De Courtenay found little difficulty in settling the terms of a ten years’ truce with the formidable Mameluke; for the Sultan had far greater reason to fear his Moslem than his Christian foes.

There was no occasion for the farther sojourn of the English in Palestine; and Edward, having accomplished nothing more than his great-uncle, and leaving a reputation scarcely inferior to Cœur de Lion, departed with his retinue for Europe.

Notwithstanding the peaceful termination of the expedition, this crusade, the last of the chivalrous offspring of Feudalism and Enthusiasm, like its elder brethren, found a premature grave in darkness and gloom.

The son of St. Louis, Philip the Hardy, returning from Tunis, deposited five coffins in the crypts of St. Denis. They contained the remains of his sainted father, Louis IX., of his brother Tristan, of his brother-in-law, Thibaut, descendant of Adela, of his beloved queen and their infant son. Weak and dying himself, he was almost the only heir of his royal family. The ambitious Charles d’Anjou, the rival and the murderer of Corradino, grandson of Frederic and Violante, plundered the stranded vessels of the returning crusaders, and thus enriched his kingdom of Sicily, by the great shipwreck of the empire and the church.

Death, too, had been busy in the palace of Windsor. The two beautiful children of Edward and Eleanora had been laid in the tomb, and their grandfather, Henry III., with their aunt Margaret, Queen of Scotland, soon followed them to the great charnel-house of England, Westminster Abbey. The melancholy tidings of these repeated bereavements met the royal pair in Sicily, and cast a pall over the land to which they had anticipated a triumphant return.

The great problem of the conquest of Palestine was not yet solved to the mind of Edward, but the progress of the age trammelled his powers and limited his ambitious aspirations. The orders of knighthood, exhausted by the repeated drafts made upon their forces, by these eastern expeditions, began to decline in the scale of power; and the lower ranks, finding new avenues to wealth in productive labor and commerce, began the great battle with military organizations and hereditary aristocracy, which has been going on with increased advantage to the working classes from the middle ages to the present glorious era.

Gregory X. made some feeble attempts to rouse Europe once more for the redemption of the Holy Sepulchre, but his earnest appeal received no response from the sovereigns of Christendom, and within three years the last strain of the great anthem “Hierosolyma liberati” that began with the swelling tones of mustering warriors and sounded on through two centuries in the soul-stirring harmonies of jubilante peans, alternating with the mournful measures of funeral dirges, ended in a last sad refrain over the diminished remnants of the military orders, who, in a vain defence of Acre, dyed the sands of Syria with their blood.

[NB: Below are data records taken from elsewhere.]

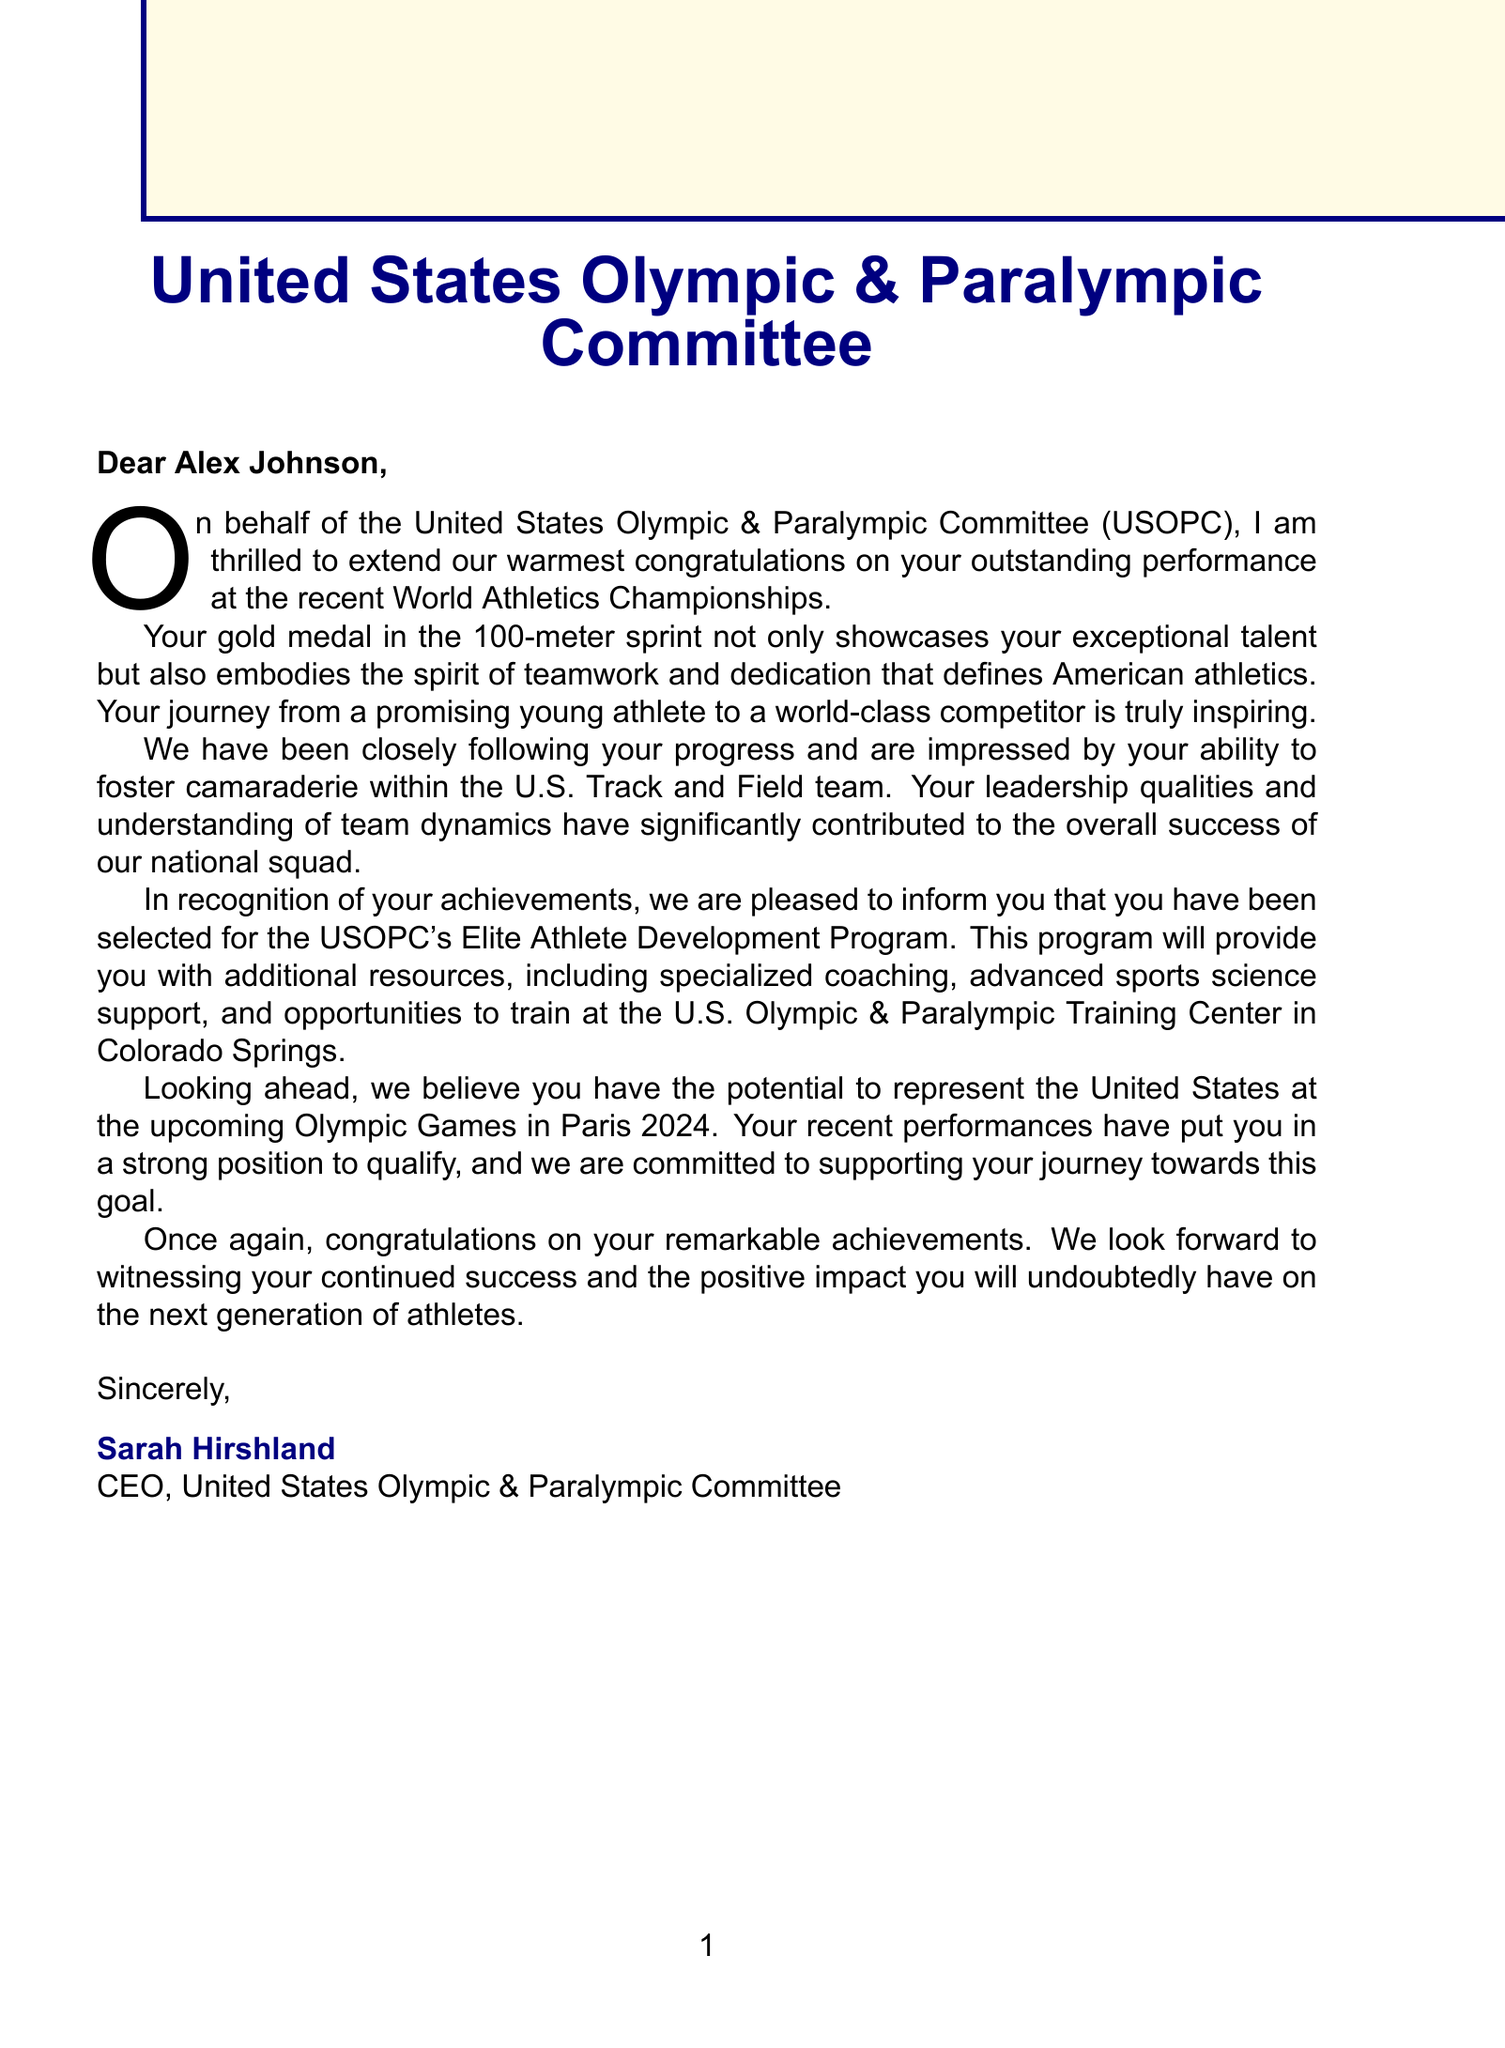What is the athlete's name? The athlete's name mentioned in the letter is Alex Johnson.
Answer: Alex Johnson What is the sport specialization of the athlete? The letter states that the athlete specializes in the 100-meter sprint.
Answer: 100-meter sprint What is the recent achievement recognized in the letter? The letter congratulates the athlete on winning a gold medal at the World Athletics Championships.
Answer: Gold medal at the World Athletics Championships What program has the athlete been selected for? The athlete has been selected for the USOPC's Elite Athlete Development Program.
Answer: Elite Athlete Development Program What city is the U.S. Olympic & Paralympic Training Center located in? The letter mentions that the training center is located in Colorado Springs.
Answer: Colorado Springs What is the upcoming major event the athlete is expected to participate in? The letter refers to the upcoming Olympic Games in Paris 2024 as a major international event.
Answer: Olympic Games Paris 2024 Who signed the letter? The CEO of the USOPC, Sarah Hirshland, is the one who signed the letter.
Answer: Sarah Hirshland What qualities of the athlete are praised in the letter? The letter praises the athlete's ability to foster camaraderie and contribute to team success.
Answer: Fostering camaraderie and contributing to team success What message does the letter convey regarding future impact? The letter expresses the belief that the athlete will inspire the next generation of athletes.
Answer: Inspiring the next generation of athletes 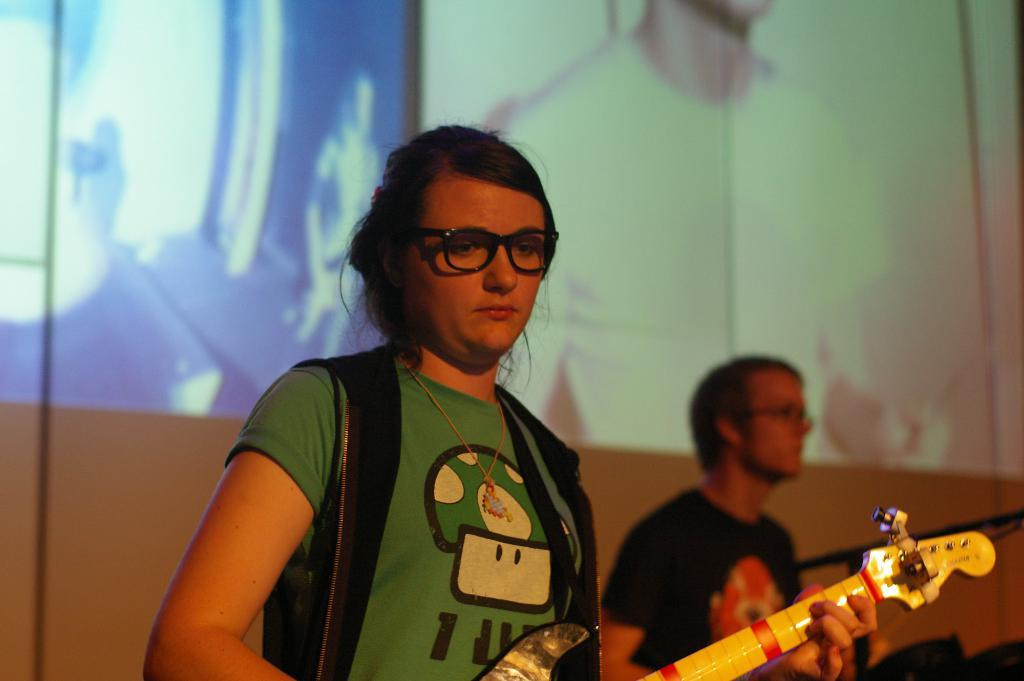How many people are in the image? There are two people in the image, a woman and a man. What is the woman wearing in the image? The woman is wearing glasses (specs) in the image. What is the woman holding in the image? The woman is holding a guitar in the image. What type of stitch is the woman using to sew the deer in the image? There is no deer or sewing activity present in the image. 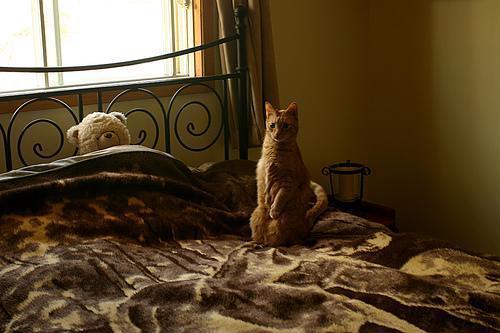How many cats are there?
Give a very brief answer. 1.

From Sicily the royal crusaders proceeded to Rome, where they were cordially welcomed and splendidly entertained by Pope Gregory X., who, having long filled the office of confessor in their household, had been recalled from the Holy Land, to occupy the chair of St. Peter.

In the train of the King of England was his cousin, Henry, son of Richard of Cornwall, a gallant young noble who had led the detachment that opposed the band of Leicester, and, by his warlike prowess, greatly contributed to the successful issue of the sanguinary conflict at Evesham. His zeal and loyalty during this doubtful period, commended him to the confidence of Edward, and he had still more endeared himself to his royal patron, by his ardor in battling against the Infidels, and his brilliant achievements at the siege of Nazareth.

The young Henry was the affianced husband of the Princess Mary, in consequence of which, Eleanora had admitted him to an intimacy, and evinced for him an affection almost equal to that enjoyed by the royal children themselves.